Namibia is voting in November, whereby the regional and local government elections are upon us. On a positive note, over 188 000 people registered to vote during the early September supplementary election registration process.
Every Namibian eligible to vote should participate in the upcoming elections because not only it is a constitutional obligation but also because democratic elections are characterised with acts of inclusive government. 
Voters only get the opportunity to express how they feel and what they want in terms of political representation through democratic elections. 

One thing that voters should always keep in mind and know is that you do not owe anyone a vote but you owe yourself a vote, a vote is a personal decision derived from a personal solution.
Personally, I highly recommend everyone to vote because everyone has an opinion. 
The reason why democratic elections exist is for every person to have a say in everything going on, but is it still a democracy when we have eligible voters abstaining from voting?
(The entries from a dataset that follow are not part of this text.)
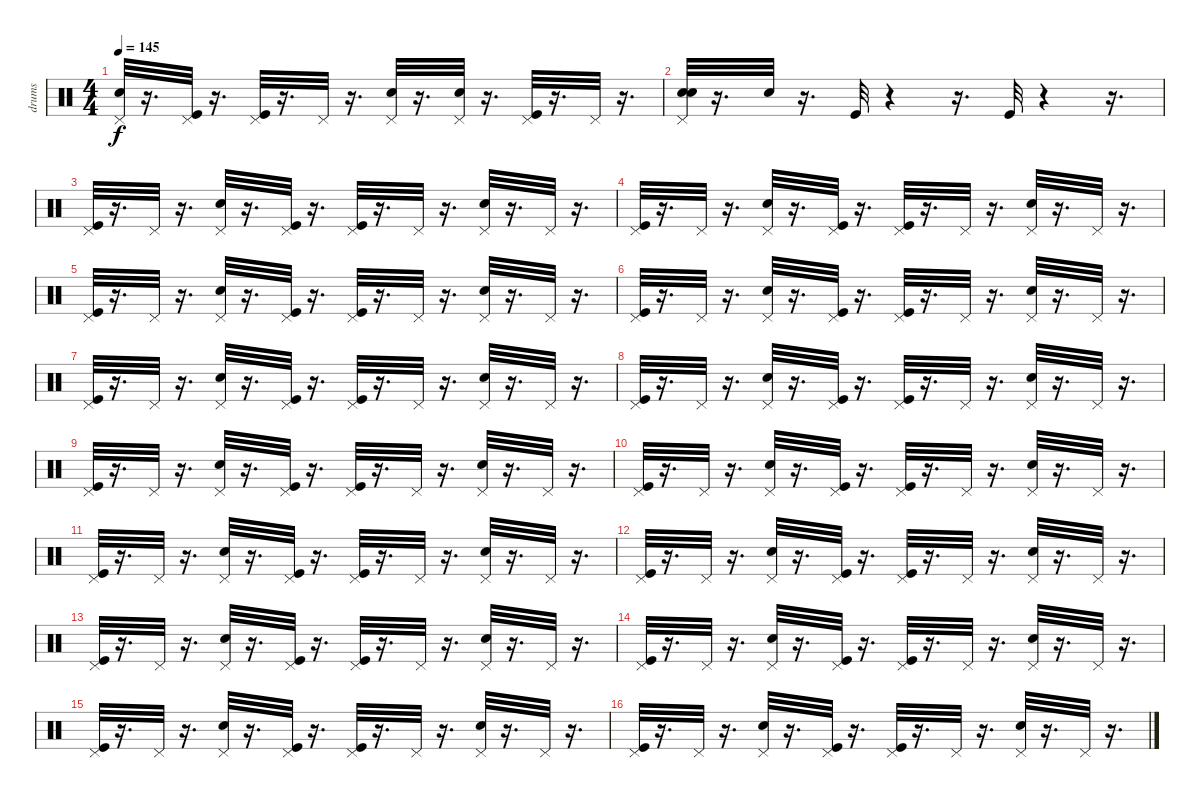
\track ("drums" "drums") {instrument percussion}
\staff {score}
\articulation defaults
\ts (4 4)
\tempo 145
\clef neutral
\ks c
("Pedal Hi-Hat (hit)" "Electric Snare (hit)").32{dy f} r.16{d} ("Pedal Hi-Hat (hit)" "Kick (hit)").32 r.16{d} ("Pedal Hi-Hat (hit)" "Kick (hit)").32 r.16{d} "Pedal Hi-Hat (hit)".32 r.16{d} ("Pedal Hi-Hat (hit)" "Electric Snare (hit)").32 r.16{d} ("Electric Snare (hit)" "Pedal Hi-Hat (hit)").32 r.16{d} ("Pedal Hi-Hat (hit)" "Kick (hit)").32 r.16{d} "Pedal Hi-Hat (hit)".32 r.16{d} |
("Electric Snare (hit)" "Electric Snare (hit)" "Pedal Hi-Hat (hit)").32 r.16{d} "Electric Snare (hit)".32 r.16{d} "Kick (hit)".32 r.4 r.16{d} "Kick (hit)".32 r.4 r.16{d} |
("Pedal Hi-Hat (hit)" "Kick (hit)").32 r.16{d} "Pedal Hi-Hat (hit)".32 r.16{d} ("Pedal Hi-Hat (hit)" "Electric Snare (hit)").32 r.16{d} ("Pedal Hi-Hat (hit)" "Kick (hit)").32 r.16{d} ("Pedal Hi-Hat (hit)" "Kick (hit)").32 r.16{d} "Pedal Hi-Hat (hit)".32 r.16{d} ("Pedal Hi-Hat (hit)" "Electric Snare (hit)").32 r.16{d} "Pedal Hi-Hat (hit)".32 r.16{d} |
("Pedal Hi-Hat (hit)" "Kick (hit)").32 r.16{d} "Pedal Hi-Hat (hit)".32 r.16{d} ("Pedal Hi-Hat (hit)" "Electric Snare (hit)").32 r.16{d} ("Pedal Hi-Hat (hit)" "Kick (hit)").32 r.16{d} ("Pedal Hi-Hat (hit)" "Kick (hit)").32 r.16{d} "Pedal Hi-Hat (hit)".32 r.16{d} ("Pedal Hi-Hat (hit)" "Electric Snare (hit)").32 r.16{d} "Pedal Hi-Hat (hit)".32 r.16{d} |
("Pedal Hi-Hat (hit)" "Kick (hit)").32 r.16{d} "Pedal Hi-Hat (hit)".32 r.16{d} ("Pedal Hi-Hat (hit)" "Electric Snare (hit)").32 r.16{d} ("Pedal Hi-Hat (hit)" "Kick (hit)").32 r.16{d} ("Pedal Hi-Hat (hit)" "Kick (hit)").32 r.16{d} "Pedal Hi-Hat (hit)".32 r.16{d} ("Pedal Hi-Hat (hit)" "Electric Snare (hit)").32 r.16{d} "Pedal Hi-Hat (hit)".32 r.16{d} |
("Pedal Hi-Hat (hit)" "Kick (hit)").32 r.16{d} "Pedal Hi-Hat (hit)".32 r.16{d} ("Pedal Hi-Hat (hit)" "Electric Snare (hit)").32 r.16{d} ("Pedal Hi-Hat (hit)" "Kick (hit)").32 r.16{d} ("Pedal Hi-Hat (hit)" "Kick (hit)").32 r.16{d} "Pedal Hi-Hat (hit)".32 r.16{d} ("Pedal Hi-Hat (hit)" "Electric Snare (hit)").32 r.16{d} "Pedal Hi-Hat (hit)".32 r.16{d} |
("Pedal Hi-Hat (hit)" "Kick (hit)").32 r.16{d} "Pedal Hi-Hat (hit)".32 r.16{d} ("Pedal Hi-Hat (hit)" "Electric Snare (hit)").32 r.16{d} ("Pedal Hi-Hat (hit)" "Kick (hit)").32 r.16{d} ("Pedal Hi-Hat (hit)" "Kick (hit)").32 r.16{d} "Pedal Hi-Hat (hit)".32 r.16{d} ("Pedal Hi-Hat (hit)" "Electric Snare (hit)").32 r.16{d} "Pedal Hi-Hat (hit)".32 r.16{d} |
("Pedal Hi-Hat (hit)" "Kick (hit)").32 r.16{d} "Pedal Hi-Hat (hit)".32 r.16{d} ("Pedal Hi-Hat (hit)" "Electric Snare (hit)").32 r.16{d} ("Pedal Hi-Hat (hit)" "Kick (hit)").32 r.16{d} ("Pedal Hi-Hat (hit)" "Kick (hit)").32 r.16{d} "Pedal Hi-Hat (hit)".32 r.16{d} ("Pedal Hi-Hat (hit)" "Electric Snare (hit)").32 r.16{d} "Pedal Hi-Hat (hit)".32 r.16{d} |
("Pedal Hi-Hat (hit)" "Kick (hit)").32 r.16{d} "Pedal Hi-Hat (hit)".32 r.16{d} ("Pedal Hi-Hat (hit)" "Electric Snare (hit)").32 r.16{d} ("Pedal Hi-Hat (hit)" "Kick (hit)").32 r.16{d} ("Pedal Hi-Hat (hit)" "Kick (hit)").32 r.16{d} "Pedal Hi-Hat (hit)".32 r.16{d} ("Pedal Hi-Hat (hit)" "Electric Snare (hit)").32 r.16{d} "Pedal Hi-Hat (hit)".32 r.16{d} |
("Pedal Hi-Hat (hit)" "Kick (hit)").32 r.16{d} "Pedal Hi-Hat (hit)".32 r.16{d} ("Pedal Hi-Hat (hit)" "Electric Snare (hit)").32 r.16{d} ("Pedal Hi-Hat (hit)" "Kick (hit)").32 r.16{d} ("Pedal Hi-Hat (hit)" "Kick (hit)").32 r.16{d} "Pedal Hi-Hat (hit)".32 r.16{d} ("Pedal Hi-Hat (hit)" "Electric Snare (hit)").32 r.16{d} "Pedal Hi-Hat (hit)".32 r.16{d} |
("Pedal Hi-Hat (hit)" "Kick (hit)").32 r.16{d} "Pedal Hi-Hat (hit)".32 r.16{d} ("Pedal Hi-Hat (hit)" "Electric Snare (hit)").32 r.16{d} ("Pedal Hi-Hat (hit)" "Kick (hit)").32 r.16{d} ("Pedal Hi-Hat (hit)" "Kick (hit)").32 r.16{d} "Pedal Hi-Hat (hit)".32 r.16{d} ("Pedal Hi-Hat (hit)" "Electric Snare (hit)").32 r.16{d} "Pedal Hi-Hat (hit)".32 r.16{d} |
("Pedal Hi-Hat (hit)" "Kick (hit)").32 r.16{d} "Pedal Hi-Hat (hit)".32 r.16{d} ("Pedal Hi-Hat (hit)" "Electric Snare (hit)").32 r.16{d} ("Pedal Hi-Hat (hit)" "Kick (hit)").32 r.16{d} ("Pedal Hi-Hat (hit)" "Kick (hit)").32 r.16{d} "Pedal Hi-Hat (hit)".32 r.16{d} ("Pedal Hi-Hat (hit)" "Electric Snare (hit)").32 r.16{d} "Pedal Hi-Hat (hit)".32 r.16{d} |
("Pedal Hi-Hat (hit)" "Kick (hit)").32 r.16{d} "Pedal Hi-Hat (hit)".32 r.16{d} ("Pedal Hi-Hat (hit)" "Electric Snare (hit)").32 r.16{d} ("Pedal Hi-Hat (hit)" "Kick (hit)").32 r.16{d} ("Pedal Hi-Hat (hit)" "Kick (hit)").32 r.16{d} "Pedal Hi-Hat (hit)".32 r.16{d} ("Pedal Hi-Hat (hit)" "Electric Snare (hit)").32 r.16{d} "Pedal Hi-Hat (hit)".32 r.16{d} |
("Pedal Hi-Hat (hit)" "Kick (hit)").32 r.16{d} "Pedal Hi-Hat (hit)".32 r.16{d} ("Pedal Hi-Hat (hit)" "Electric Snare (hit)").32 r.16{d} ("Pedal Hi-Hat (hit)" "Kick (hit)").32 r.16{d} ("Pedal Hi-Hat (hit)" "Kick (hit)").32 r.16{d} "Pedal Hi-Hat (hit)".32 r.16{d} ("Pedal Hi-Hat (hit)" "Electric Snare (hit)").32 r.16{d} "Pedal Hi-Hat (hit)".32 r.16{d} |
("Pedal Hi-Hat (hit)" "Kick (hit)").32 r.16{d} "Pedal Hi-Hat (hit)".32 r.16{d} ("Pedal Hi-Hat (hit)" "Electric Snare (hit)").32 r.16{d} ("Pedal Hi-Hat (hit)" "Kick (hit)").32 r.16{d} ("Pedal Hi-Hat (hit)" "Kick (hit)").32 r.16{d} "Pedal Hi-Hat (hit)".32 r.16{d} ("Pedal Hi-Hat (hit)" "Electric Snare (hit)").32 r.16{d} "Pedal Hi-Hat (hit)".32 r.16{d} |
("Pedal Hi-Hat (hit)" "Kick (hit)").32 r.16{d} "Pedal Hi-Hat (hit)".32 r.16{d} ("Pedal Hi-Hat (hit)" "Electric Snare (hit)").32 r.16{d} ("Pedal Hi-Hat (hit)" "Kick (hit)").32 r.16{d} ("Pedal Hi-Hat (hit)" "Kick (hit)").32 r.16{d} "Pedal Hi-Hat (hit)".32 r.16{d} ("Pedal Hi-Hat (hit)" "Electric Snare (hit)").32 r.16{d} "Pedal Hi-Hat (hit)".32 r.16{d}

An unacceptable funny and shocking fact within the Namibian context is that a huge number of people that distance themselves from voting is we the youth, the same people that claim to know what Namibia should do in order to achieve its desired goals. 

Unapologetically, no one in a political setup will give you an opportunity to make a difference if you are unwilling to feature on the field of play. 
As a nation, we can only make the electoral process stronger when we have a vast voting population casting their votes.
The significance of having a voter’s card is equivalent to that of a national identity card. 
Moreover, if you are (18 years and older) you are only able to rightfully criticize actions of government if you are an active and regular voter. 
Factually, in any democracy the government is for the people and by the people. Thus, the article is recommending for central government to come up with a legal regulation that appreciate and makes provision for individuals who are active voters. 

In a situation in which different candidates lobbying for the same employment opportunity within government meet the basic requirements for the job, active voters should stand a higher chance than inactive voters in the employment selection process. 
Therefore, the Electoral Commission of Namibia (ECN) has to work tirelessly in ensuring that the data for active voters is collected and presented to government institutions when required in order for it to feature as a selection requirement in the employment process. 
Hence, we cannot have people that are eligible to vote wanting to work for government but they are unable to decide the government.

*Petrus Ndeumono Mbidi has a diploma in Local Government Studies, an honours degree in Public Management, and he is a final year Masters of Public Administration student at the University of Namibia.